▼▼▼

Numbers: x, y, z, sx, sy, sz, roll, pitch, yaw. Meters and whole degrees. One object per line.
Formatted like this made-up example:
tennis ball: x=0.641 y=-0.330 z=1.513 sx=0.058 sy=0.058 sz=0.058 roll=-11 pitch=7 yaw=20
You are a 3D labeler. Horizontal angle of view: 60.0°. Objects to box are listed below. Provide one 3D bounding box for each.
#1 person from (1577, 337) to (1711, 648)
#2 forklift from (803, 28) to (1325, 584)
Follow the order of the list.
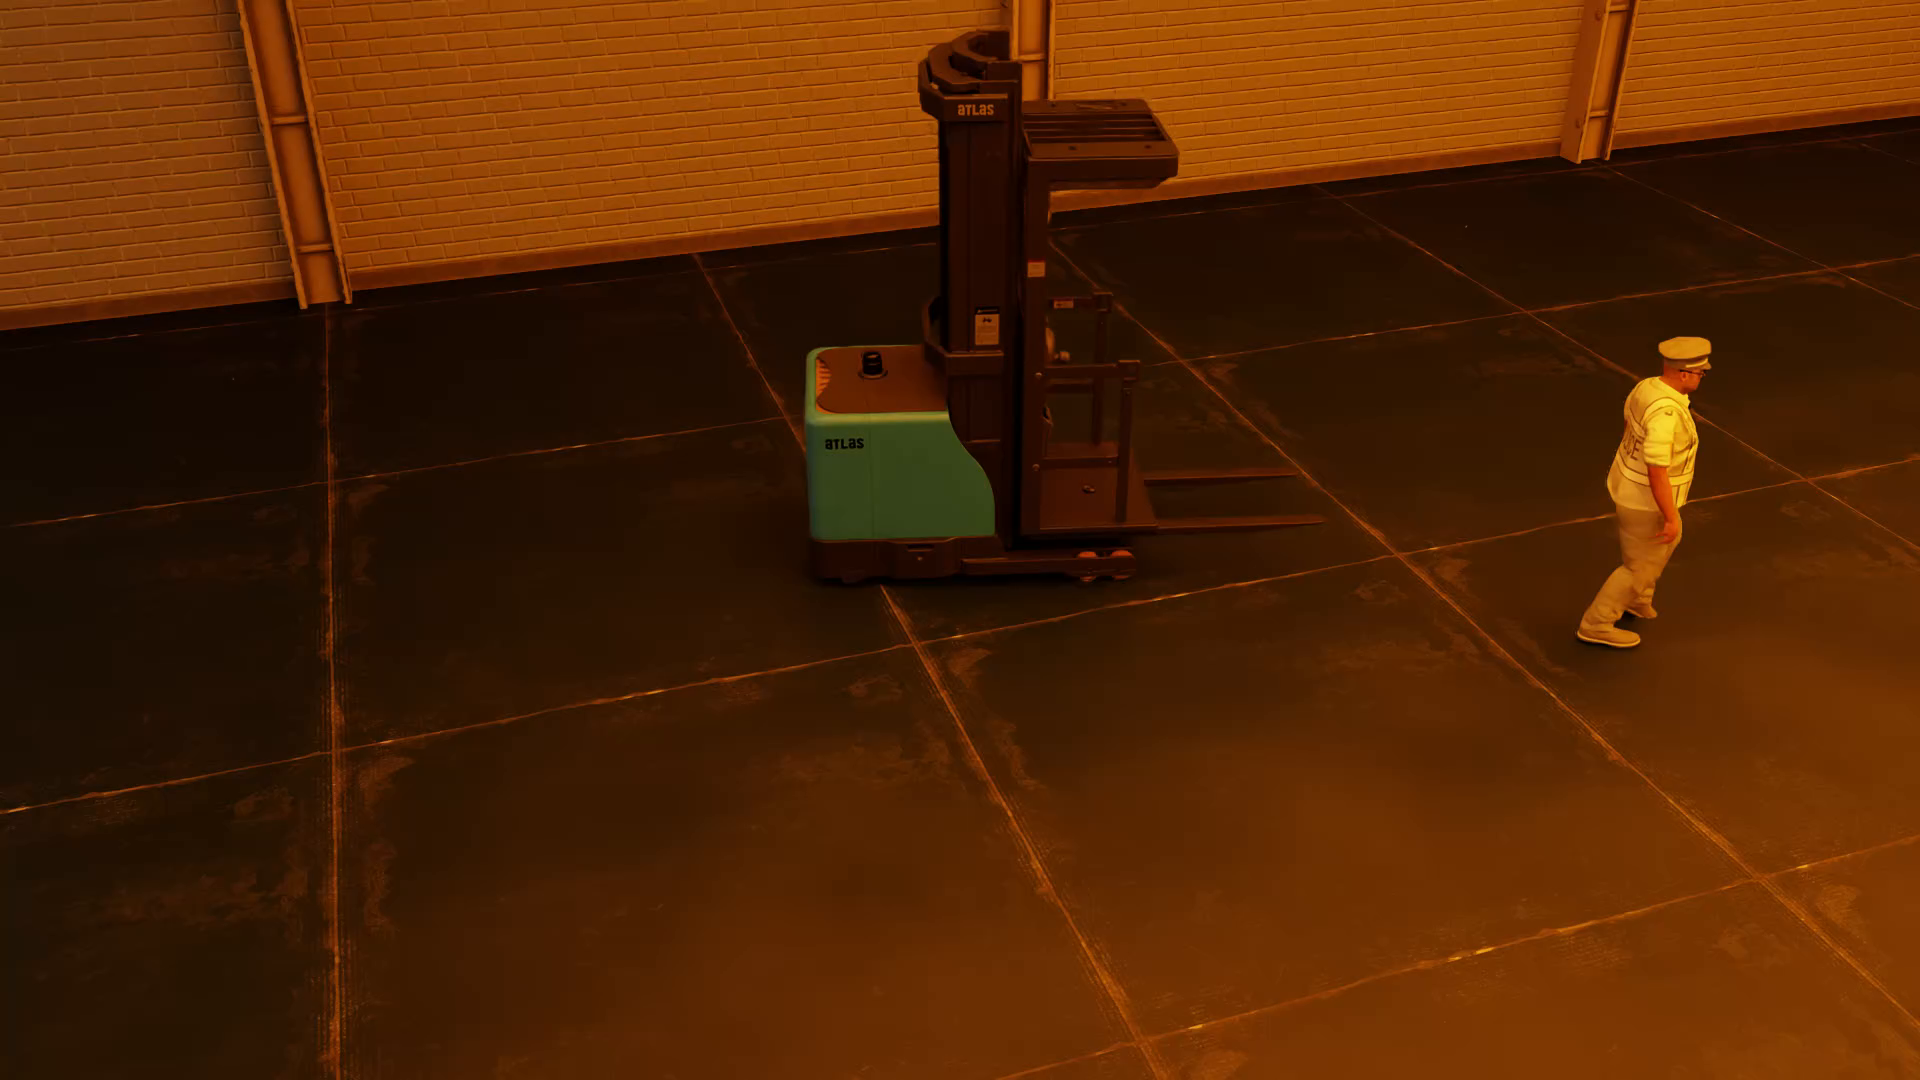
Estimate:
person: x=3.648 y=-0.203 z=8.720 sx=0.534 sy=1.810 sz=0.633 roll=5 pitch=30 yaw=9
forklift: x=0.614 y=-1.299 z=9.345 sx=3.031 sy=2.935 sz=1.130 roll=-2 pitch=30 yaw=-3
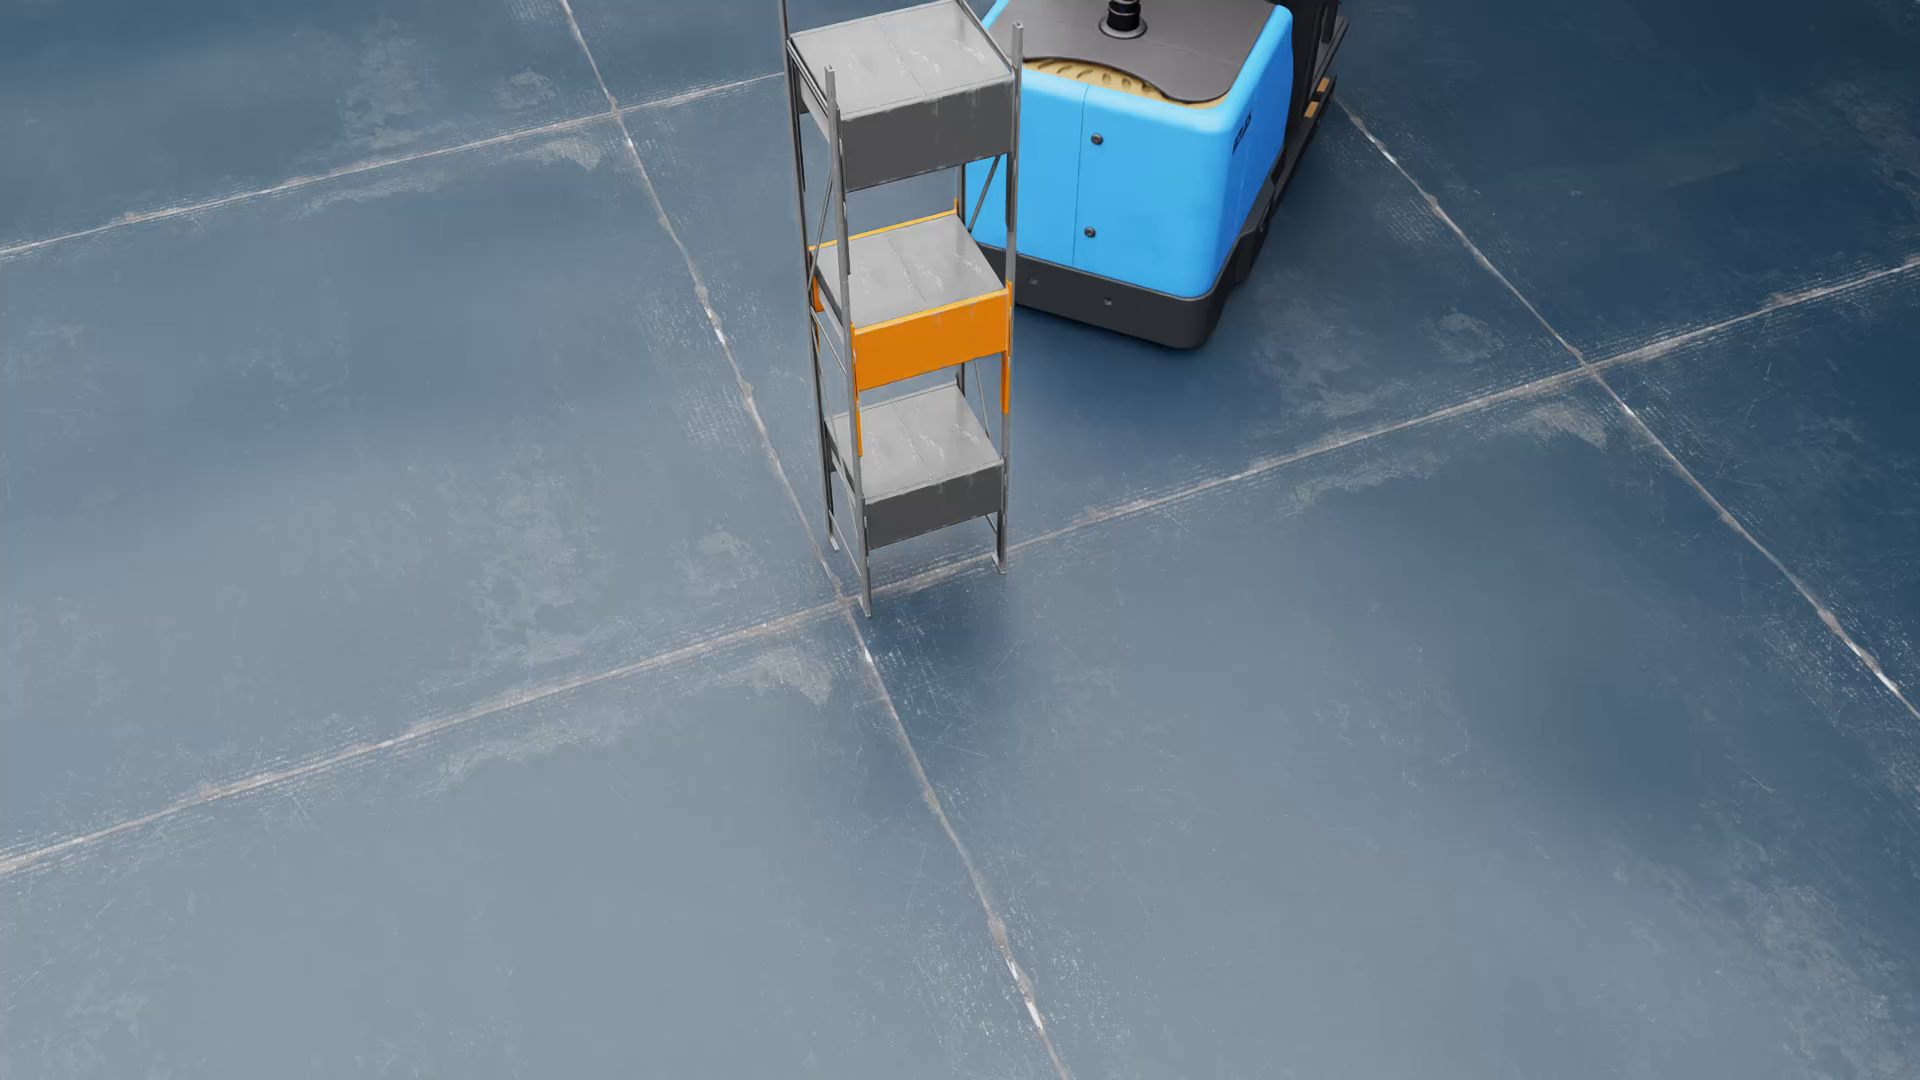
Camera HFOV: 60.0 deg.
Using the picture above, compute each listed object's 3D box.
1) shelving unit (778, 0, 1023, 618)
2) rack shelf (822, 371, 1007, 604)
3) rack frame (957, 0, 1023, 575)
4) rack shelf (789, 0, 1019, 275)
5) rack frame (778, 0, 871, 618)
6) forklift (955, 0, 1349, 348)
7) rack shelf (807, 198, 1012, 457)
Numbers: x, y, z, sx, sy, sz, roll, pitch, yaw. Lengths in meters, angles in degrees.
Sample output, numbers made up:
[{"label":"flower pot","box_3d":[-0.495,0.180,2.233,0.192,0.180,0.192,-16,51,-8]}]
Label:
[{"label":"shelving unit","box_3d":[-0.153,-0.637,4.913,0.503,2.100,0.431,-17,52,-14]},{"label":"rack shelf","box_3d":[-0.153,-0.172,5.454,0.480,0.518,0.431,-17,52,-14]},{"label":"rack frame","box_3d":[0.073,-0.707,4.973,0.015,2.100,0.400,-17,52,-14]},{"label":"rack shelf","box_3d":[-0.153,-1.084,4.392,0.480,0.518,0.431,-17,52,-14]},{"label":"rack frame","box_3d":[-0.379,-0.567,4.853,0.015,2.100,0.400,-17,52,-14]},{"label":"forklift","box_3d":[1.010,-2.818,6.238,1.130,2.935,3.031,18,52,15]},{"label":"rack shelf","box_3d":[-0.153,-0.628,4.923,0.480,0.518,0.431,-17,52,-14]}]
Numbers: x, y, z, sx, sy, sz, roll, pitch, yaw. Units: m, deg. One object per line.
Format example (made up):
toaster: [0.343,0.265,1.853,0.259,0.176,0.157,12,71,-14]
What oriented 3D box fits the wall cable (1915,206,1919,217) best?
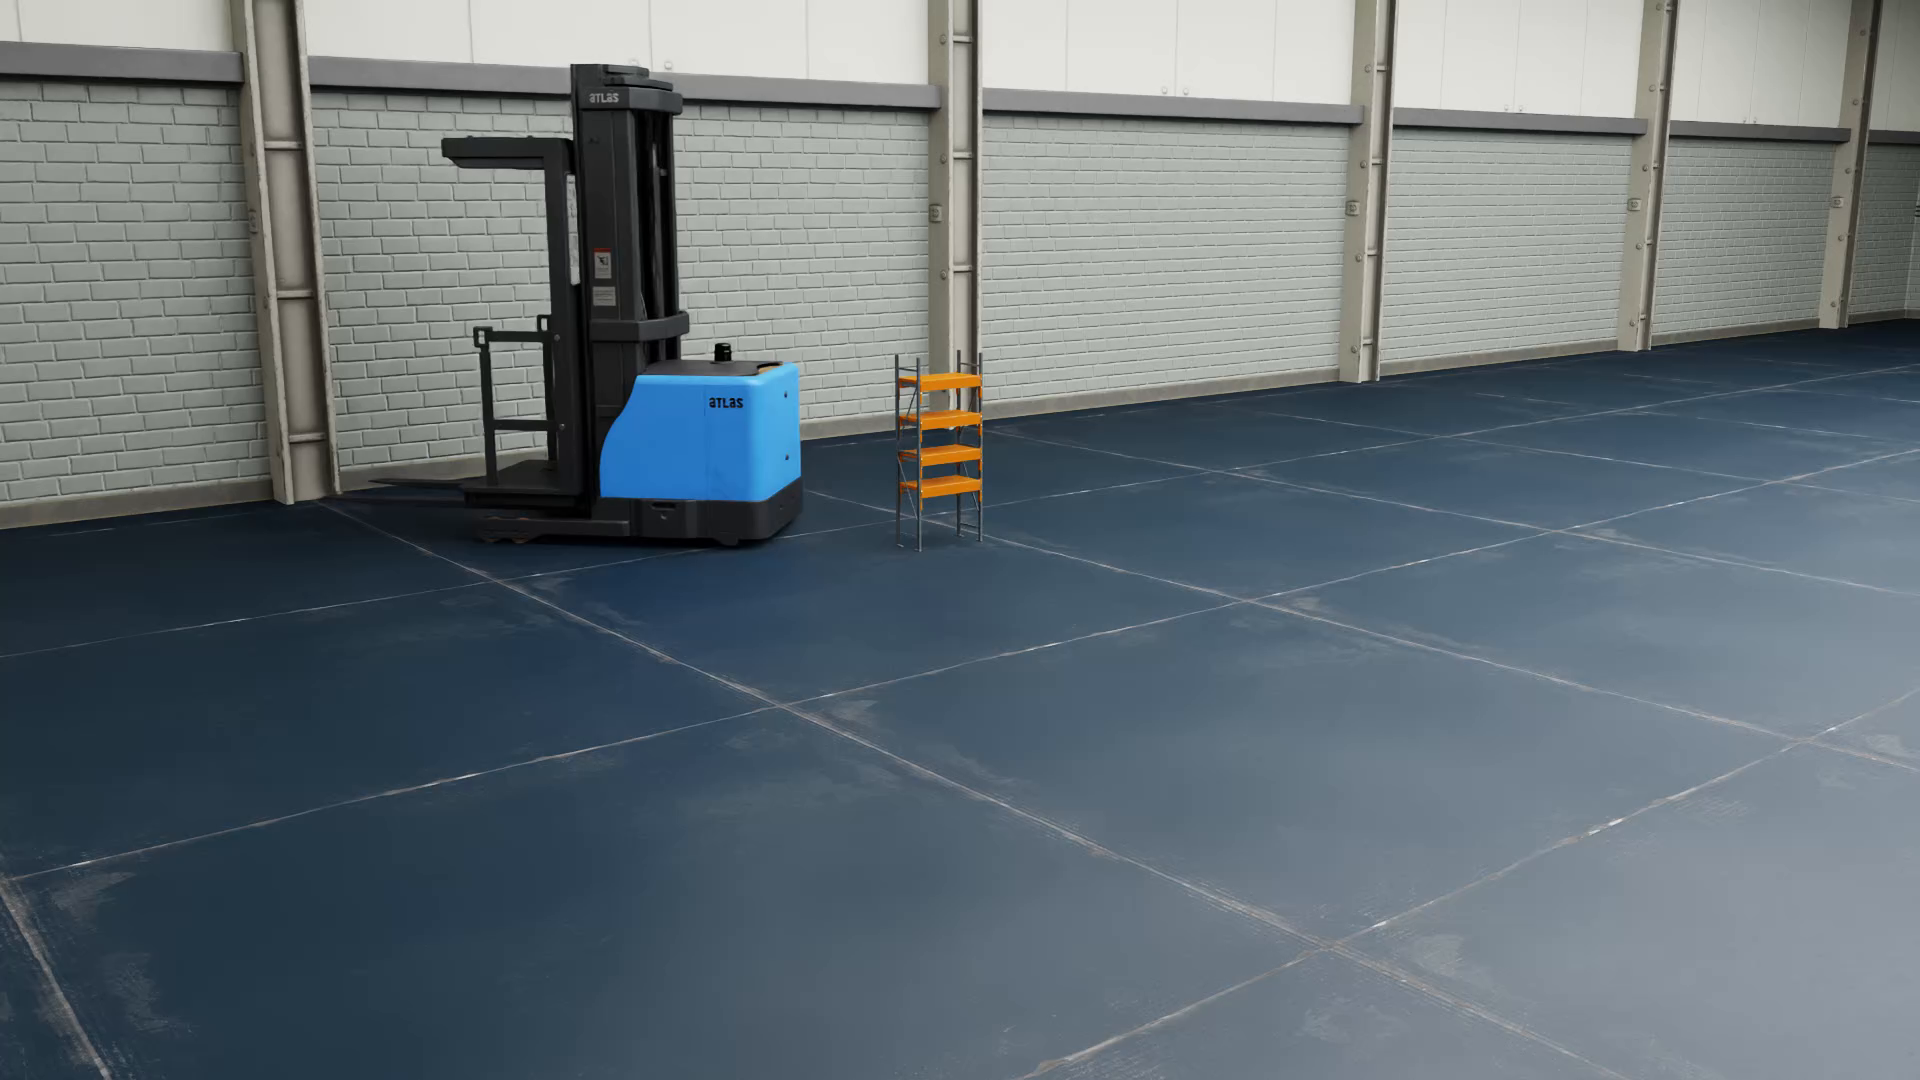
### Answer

▲▲▲

Your goal:
Both the first line of the data above and the line with "You are a 3D" must be included; please return exactly those lines and the ones between them.

The completed task:
Numbers: x, y, z, sx, sy, sz, roll, pitch, yaw. Meters and whole degrees. One object per line.
Formatted like this made-up example:
tennis ball: x=0.641 y=-0.330 z=1.513 sx=0.058 sy=0.058 sz=0.058 roll=-11 pitch=7 yaw=20
You are a 3D labeler. Horizontal angle of view: 60.0°. Objects to box are listed below. Provide one 3D bounding box for each.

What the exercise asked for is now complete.